LANCASTRIAN KINGSHIP

Chapter 25

THE KING AND HIS IMAGE

The chronicler John Strecche, a canon of Kenilworth priory who saw Henry as a potentially great but flawed king, penned the following portrait of him: ‘This King Henry was elegantly built, of great strength, a vigorous knight, brave in arms, wise and circumspect in his youthful behaviour, always fortunate in battle, successful in his deeds and gloriously victorious everywhere, brilliant at music, marvellously learned and most upright in morals.’
1

Henry's credentials as a warrior were not in doubt; more striking is Strecche's claim for his musicianship.
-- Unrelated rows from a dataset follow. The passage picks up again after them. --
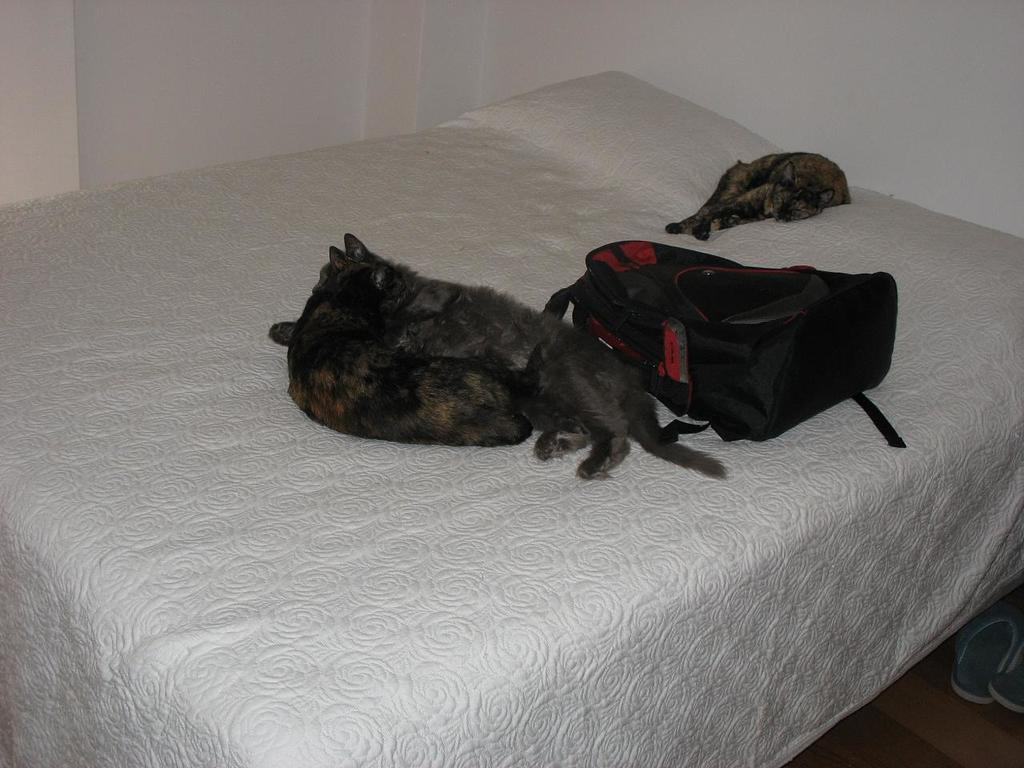How many cats are in the image? There are three cats in the image. What else can be seen in the image besides the cats? There is a black bag in the image. What color is the bed in the image? The bed is white. What time does the clock show in the image? There is no clock present in the image, so it is not possible to determine the time. 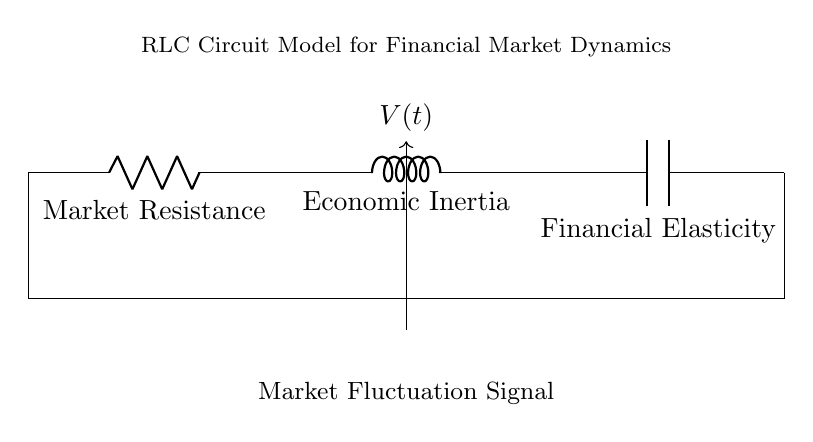What type of circuit is displayed? The circuit is an RLC circuit, which includes a resistor, inductor, and capacitor connected in series. The combination of these components forms a circuit that can model various dynamic behaviors, including market fluctuations.
Answer: RLC What does the symbol R represent? The symbol R in the circuit represents resistance, which relates to the market resistance, a component depicting how the market reacts to price changes and external factors.
Answer: Market Resistance What does the symbol L signify? The symbol L signifies inductance, representing economic inertia that describes the tendency of the market to resist changes in momentum or trends.
Answer: Economic Inertia What does the symbol C denote? The symbol C denotes capacitance, which reflects financial elasticity, indicating how the market can respond to fluctuations in availability of capital or credit.
Answer: Financial Elasticity How many total components are in the circuit? The circuit contains three components: one resistor, one inductor, and one capacitor, indicating the interactions between resistance, inertia, and elasticity in financial markets.
Answer: Three What is the primary function of this RLC circuit in the context of financial modeling? The primary function of the RLC circuit in financial modeling is to represent and analyze the dynamic behavior of financial markets, capturing interactions among resistance, inertia, and elasticity, leading to understanding fluctuations and trends.
Answer: Modeling financial fluctuations In what way does the circuit diagram represent market fluctuations? The circuit diagram represents market fluctuations through the flow of voltage, depicting how market dynamics, influenced by resistance, inertia, and elasticity, can lead to oscillations and varying patterns in market behavior over time.
Answer: Oscillations in market behavior 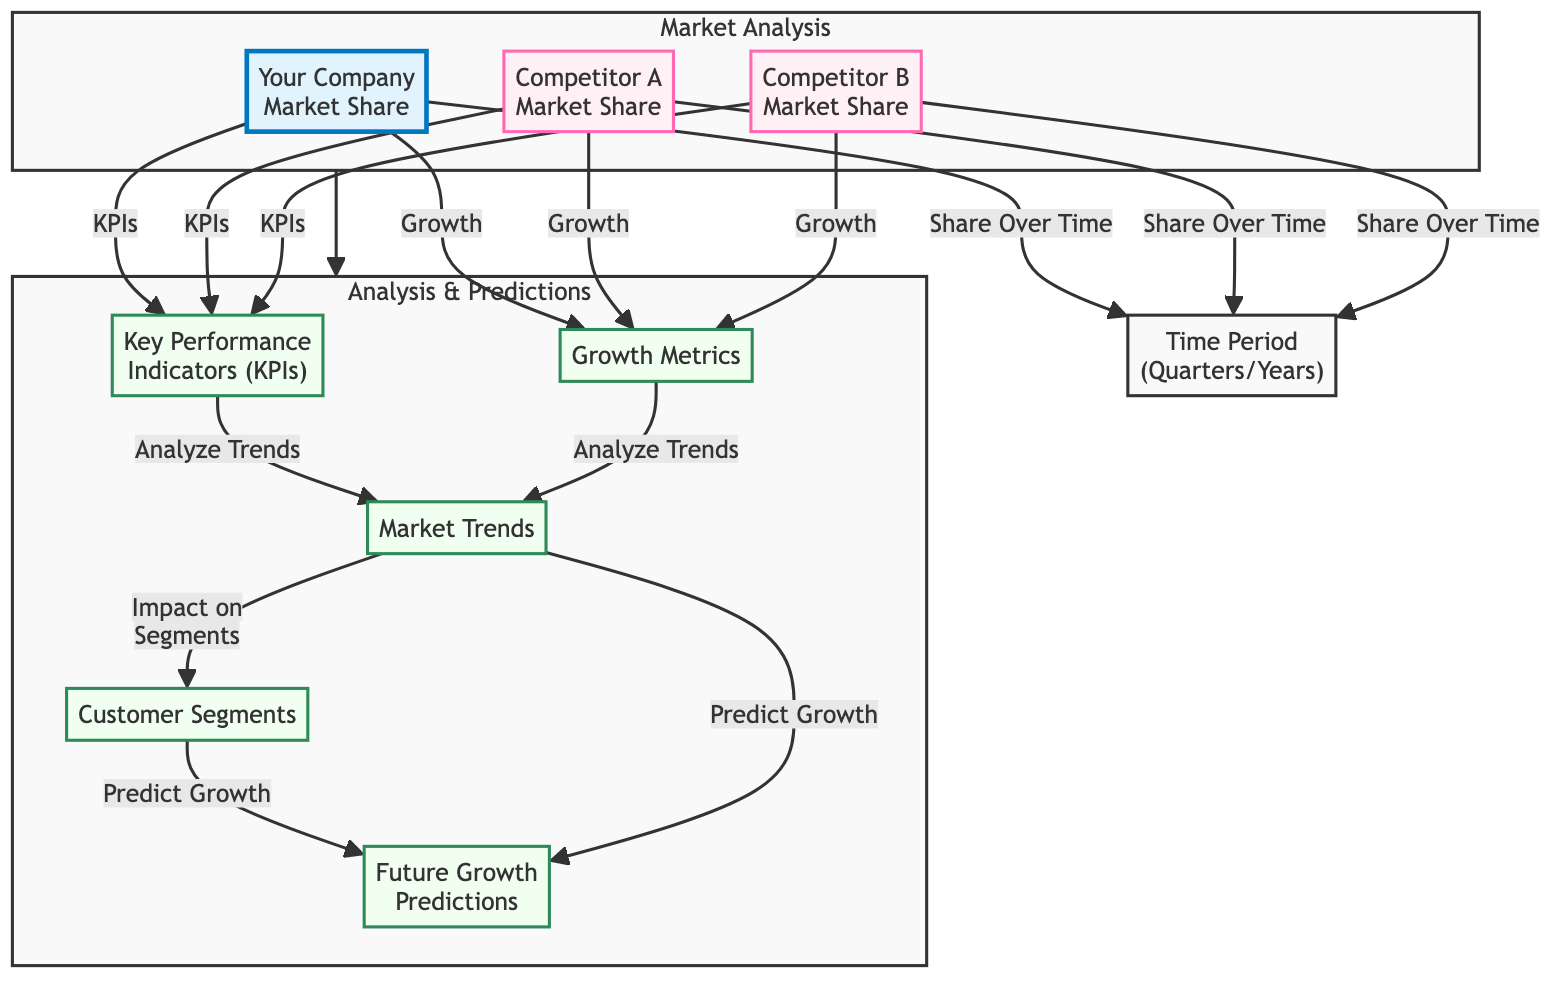What is shown at the top of the diagram? The top of the diagram displays the nodes representing "Your Company Market Share," "Competitor A Market Share," and "Competitor B Market Share." These nodes indicate the specific market share of the company and its competitors.
Answer: Your Company Market Share, Competitor A Market Share, Competitor B Market Share How many competitor market shares are analyzed in the diagram? The diagram includes two nodes for competitor market shares: "Competitor A Market Share" and "Competitor B Market Share." Therefore, the analysis assesses the market shares of two competitors.
Answer: Two What does the node 'key performance indicators' connect to in the diagram? The node 'key performance indicators' connects to three market shares nodes: 'Your Company Market Share,' 'Competitor A Market Share,' and 'Competitor B Market Share.' This indicates that KPIs are relevant for assessing all market shares.
Answer: Your Company Market Share, Competitor A Market Share, Competitor B Market Share Which nodes are impacted by market trends? The node 'market trends' impacts two subsequent nodes: 'customer segments' and 'predictions.' This shows the relationship between market trends and the resulting customer analysis and growth predictions.
Answer: Customer segments, Predictions How do growth metrics relate to key performance indicators in this diagram? The 'growth metrics' node connects to the 'key performance indicators' node, indicating that growth metrics are analyzed alongside KPIs to assess their relationships and impact on the market analysis.
Answer: They connect directly Which component provides predictions about future growth? The node 'predictions' derives its insights from both the 'market trends' and 'customer segments' nodes, showing that it forecasts future growth based on trends and segment analysis.
Answer: Predictions What analysis does the diagram facilitate regarding customer segments? The diagram shows that 'customer segments' provide insights that are used in 'predictions,' indicating an analysis of how different customer groups might change over time or affect future growth.
Answer: Predicting growth What type of diagram is being presented? The diagram is a textbook diagram, which typically organizes information visually to explain concepts, relationships, and data flow. This particular one focuses on competitive benchmarking of market share.
Answer: Textbook Diagram 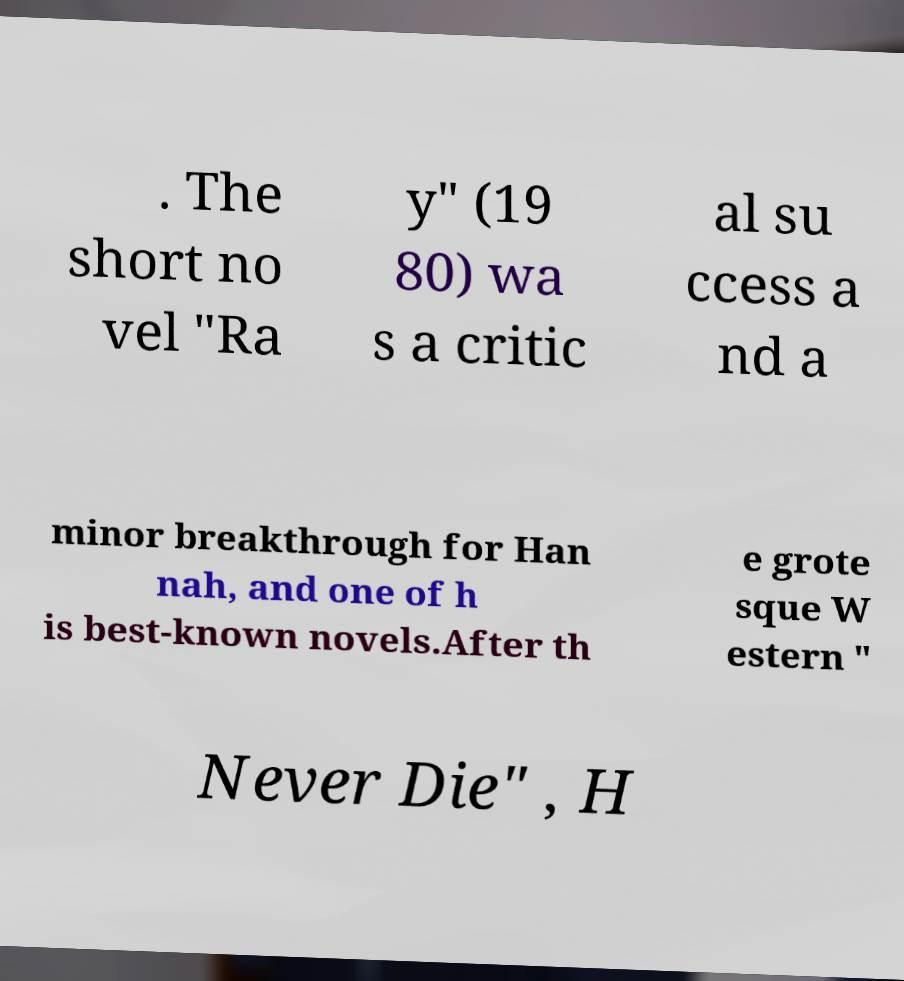Please read and relay the text visible in this image. What does it say? . The short no vel "Ra y" (19 80) wa s a critic al su ccess a nd a minor breakthrough for Han nah, and one of h is best-known novels.After th e grote sque W estern " Never Die" , H 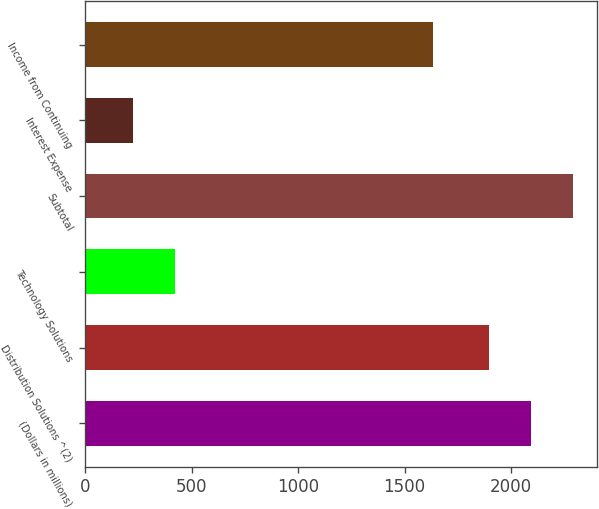Convert chart. <chart><loc_0><loc_0><loc_500><loc_500><bar_chart><fcel>(Dollars in millions)<fcel>Distribution Solutions ^(2)<fcel>Technology Solutions<fcel>Subtotal<fcel>Interest Expense<fcel>Income from Continuing<nl><fcel>2094.6<fcel>1897<fcel>419.6<fcel>2292.2<fcel>222<fcel>1635<nl></chart> 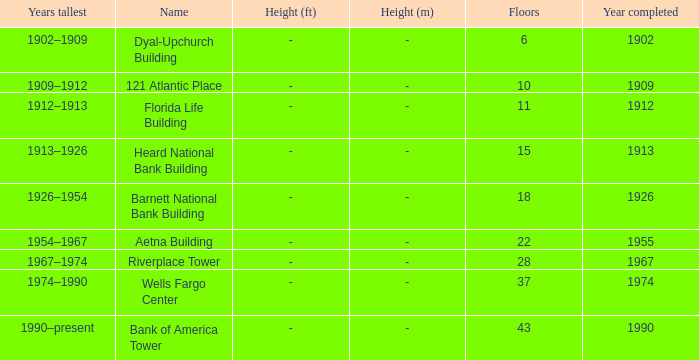What year was the building completed that has 10 floors? 1909.0. Help me parse the entirety of this table. {'header': ['Years tallest', 'Name', 'Height (ft)', 'Height (m)', 'Floors', 'Year completed'], 'rows': [['1902–1909', 'Dyal-Upchurch Building', '-', '-', '6', '1902'], ['1909–1912', '121 Atlantic Place', '-', '-', '10', '1909'], ['1912–1913', 'Florida Life Building', '-', '-', '11', '1912'], ['1913–1926', 'Heard National Bank Building', '-', '-', '15', '1913'], ['1926–1954', 'Barnett National Bank Building', '-', '-', '18', '1926'], ['1954–1967', 'Aetna Building', '-', '-', '22', '1955'], ['1967–1974', 'Riverplace Tower', '-', '-', '28', '1967'], ['1974–1990', 'Wells Fargo Center', '-', '-', '37', '1974'], ['1990–present', 'Bank of America Tower', '-', '-', '43', '1990']]} 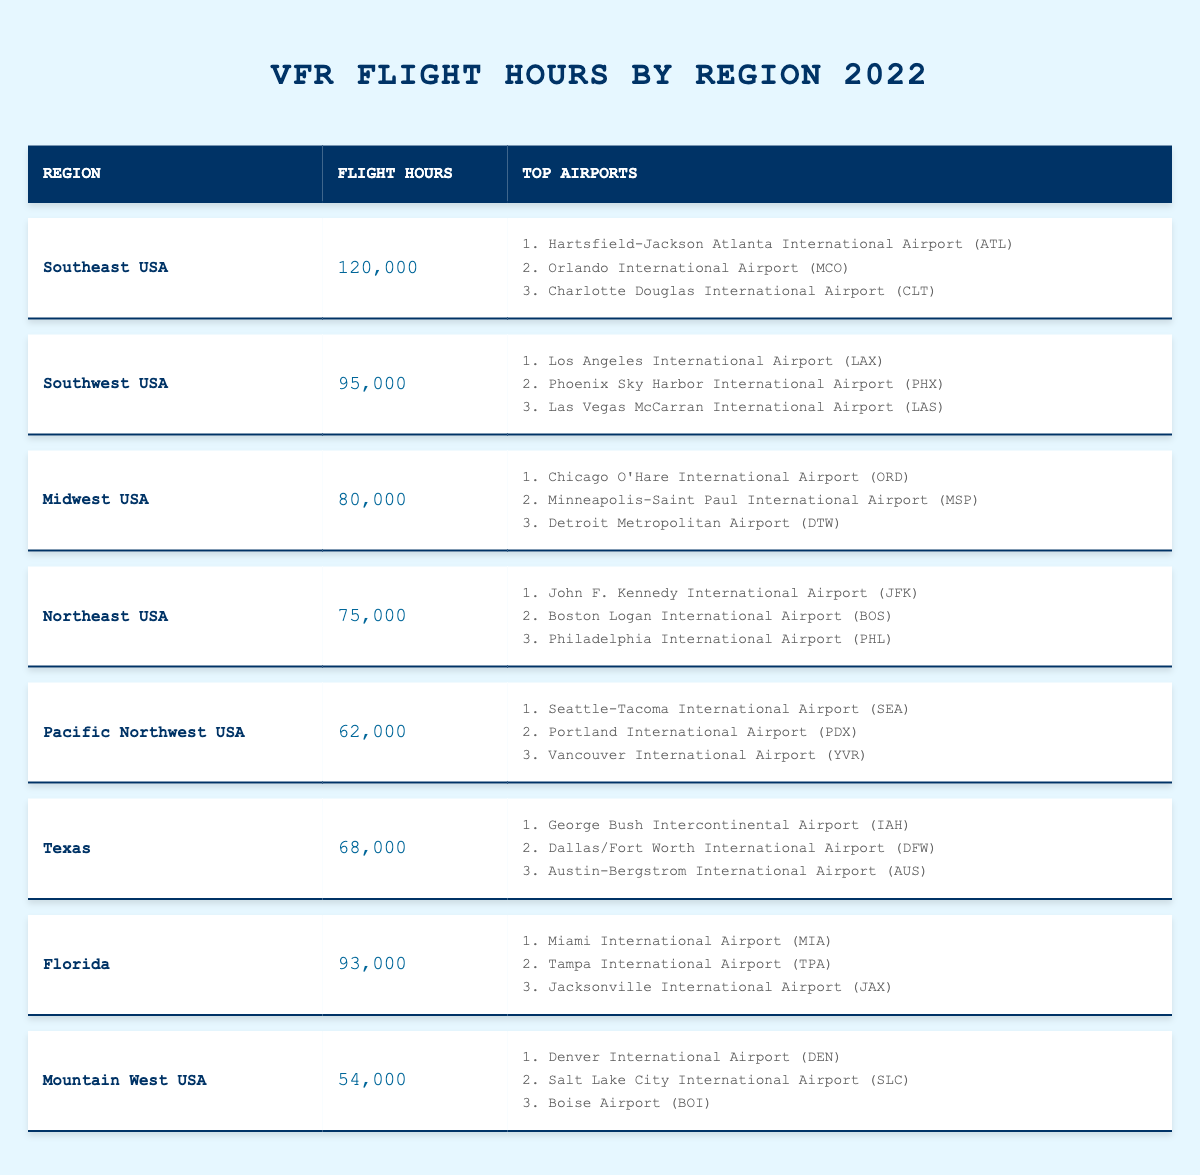What region logged the most flight hours in 2022? Referring to the table, the Southeast USA region has the highest value of 120,000 flight hours.
Answer: Southeast USA How many flight hours did the Florida region log? The Florida region logged 93,000 flight hours, as listed in the table.
Answer: 93,000 Which region has logged the least flight hours in 2022? The Mountain West USA region has the least flight hours with a total of 54,000.
Answer: Mountain West USA What is the total number of flight hours logged by the Northeast and Midwest regions combined? Adding the flight hours of the Northeast (75,000) and Midwest (80,000) gives 75,000 + 80,000 = 155,000.
Answer: 155,000 Did the Southwest USA region log more flight hours than the Texas region? Yes, the Southwest USA region logged 95,000 hours, which is more than Texas's 68,000 hours.
Answer: Yes What are the top three airports in the Southeast USA region? The top three airports listed for the Southeast USA region are Hartsfield-Jackson Atlanta International Airport (ATL), Orlando International Airport (MCO), and Charlotte Douglas International Airport (CLT).
Answer: ATL, MCO, CLT What is the average number of flight hours logged across all regions in 2022? Summing all the flight hours (120,000 + 95,000 + 80,000 + 75,000 + 62,000 + 68,000 + 93,000 + 54,000 =  707,000) and dividing by the number of regions (8) gives an average of 707,000 / 8 = 88,375.
Answer: 88,375 Is the total flight hours of the Pacific Northwest region higher than the Mountain West region? Yes, the Pacific Northwest USA region logged 62,000 hours, which is greater than the Mountain West's 54,000 hours.
Answer: Yes Which region's flight hours are closer to 90,000, the Florida or the Southwest USA region? The Florida region logged 93,000 hours, which is closer to 90,000 than the Southwest USA region which logged 95,000 hours.
Answer: Florida What percentage of total flight hours does the Midwest region account for? The total flight hours are 707,000, and the Midwest region logged 80,000 hours. Calculating the percentage gives (80,000 / 707,000)*100 ≈ 11.31%.
Answer: 11.31%

The employment of between four and ten minstrels in his household was no more than would be expected of any great noble, but his gifts to two ‘singing clerks’ of Gaunt's chapel in 1392 and to an unspecified number of clerks to sing for his younger sons at Kenilworth in 1397–8 are suggestive of an interest in polyphony.
2
Singing was always at the heart of the medieval chapel royal, but the first half of the fifteenth century saw its musical accomplishments reach new heights, supported by a surge in the number of chaplains there and at St George's College, Windsor. Although most of the evidence for this dates from Henry V's reign, it was a process that began under his father, who in turn was influenced both by Gaunt's patronage of noted musicians and by the polyphonic style now in vogue.